United States District Court, E.D. Wisconsin

November 20, 2017



          J. P. Stadtmueller, U.S. District Judge

         1. INTRODUCTION

         On February 22, 2017, Plaintiff filed his Complaint in this matter. (Docket #1). While on parole supervised by agents of the Wisconsin Department of Corrections (“DOC”), Plaintiff alleges that those agents violated his constitutional rights. (Docket #9 at 3-5). On March 14, 2017, the Court screened Plaintiff's Complaint and allowed him to proceed on two claims. (Docket #9 at 6). On October 2, 2017, Defendants Chad Lemerond (“Lemerond”) and Katie Baxter (“Baxter”), Plaintiff's parole agents, and Defendant Bobbi Christopherson (“Christopherson”), [1] a field supervisor, moved for summary judgment. (Docket #24). Plaintiff filed nothing in response to the motion, and his time in which to do so has long since expired. Civ. L. R. 7(b). For the reasons explained below, Defendants' motion must be granted.

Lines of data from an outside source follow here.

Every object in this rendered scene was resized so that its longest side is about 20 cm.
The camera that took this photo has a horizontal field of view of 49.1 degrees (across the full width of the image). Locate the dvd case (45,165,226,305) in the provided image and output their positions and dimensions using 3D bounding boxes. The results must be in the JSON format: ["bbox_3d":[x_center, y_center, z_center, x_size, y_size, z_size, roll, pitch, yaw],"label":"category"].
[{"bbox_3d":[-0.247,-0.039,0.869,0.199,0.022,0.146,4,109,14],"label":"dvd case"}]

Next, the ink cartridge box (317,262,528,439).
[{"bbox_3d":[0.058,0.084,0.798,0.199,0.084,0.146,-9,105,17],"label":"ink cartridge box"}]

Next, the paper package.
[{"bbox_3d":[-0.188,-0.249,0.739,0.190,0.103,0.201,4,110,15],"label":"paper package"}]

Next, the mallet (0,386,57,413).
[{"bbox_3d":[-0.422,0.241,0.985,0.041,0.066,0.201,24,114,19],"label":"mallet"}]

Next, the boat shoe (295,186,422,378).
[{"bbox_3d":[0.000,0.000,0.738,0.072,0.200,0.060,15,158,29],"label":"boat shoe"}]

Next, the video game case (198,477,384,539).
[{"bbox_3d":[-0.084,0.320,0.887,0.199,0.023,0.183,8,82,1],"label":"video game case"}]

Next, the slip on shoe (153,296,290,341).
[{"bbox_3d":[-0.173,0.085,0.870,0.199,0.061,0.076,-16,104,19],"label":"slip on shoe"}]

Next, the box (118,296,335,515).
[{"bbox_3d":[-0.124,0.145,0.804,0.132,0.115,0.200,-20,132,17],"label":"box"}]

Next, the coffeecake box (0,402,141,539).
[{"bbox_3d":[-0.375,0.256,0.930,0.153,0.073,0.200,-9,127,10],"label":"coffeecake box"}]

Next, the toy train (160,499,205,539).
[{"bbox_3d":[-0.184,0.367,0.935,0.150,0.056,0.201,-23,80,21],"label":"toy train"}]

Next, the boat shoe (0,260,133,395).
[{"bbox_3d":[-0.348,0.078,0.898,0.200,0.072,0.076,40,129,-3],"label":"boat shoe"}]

         Federal Rule of Civil Procedure 56 provides that the court “shall grant summary judgment if the movant shows that there is no genuine dispute as to any material fact and the movant is entitled to judgment as a matter of law.” Fed.R.Civ.P. 56(a); see Boss v. Castro, 816 F.3d 910, 916 (7th Cir. 2016). A fact is “material” if it “might affect the outcome of the suit” under the applicable substantive law. Anderson v. Liberty Lobby, Inc., 477 U.S. 242, 248 (1986). A dispute of fact is “genuine” if “the evidence is such that a reasonable jury could return a verdict for the nonmoving party.” Id. The court construes all facts and reasonable inferences in the light most favorable to the non-movant. Bridge v. New Holland Logansport, Inc., 815 F.3d 356, 360 (7th Cir. 2016).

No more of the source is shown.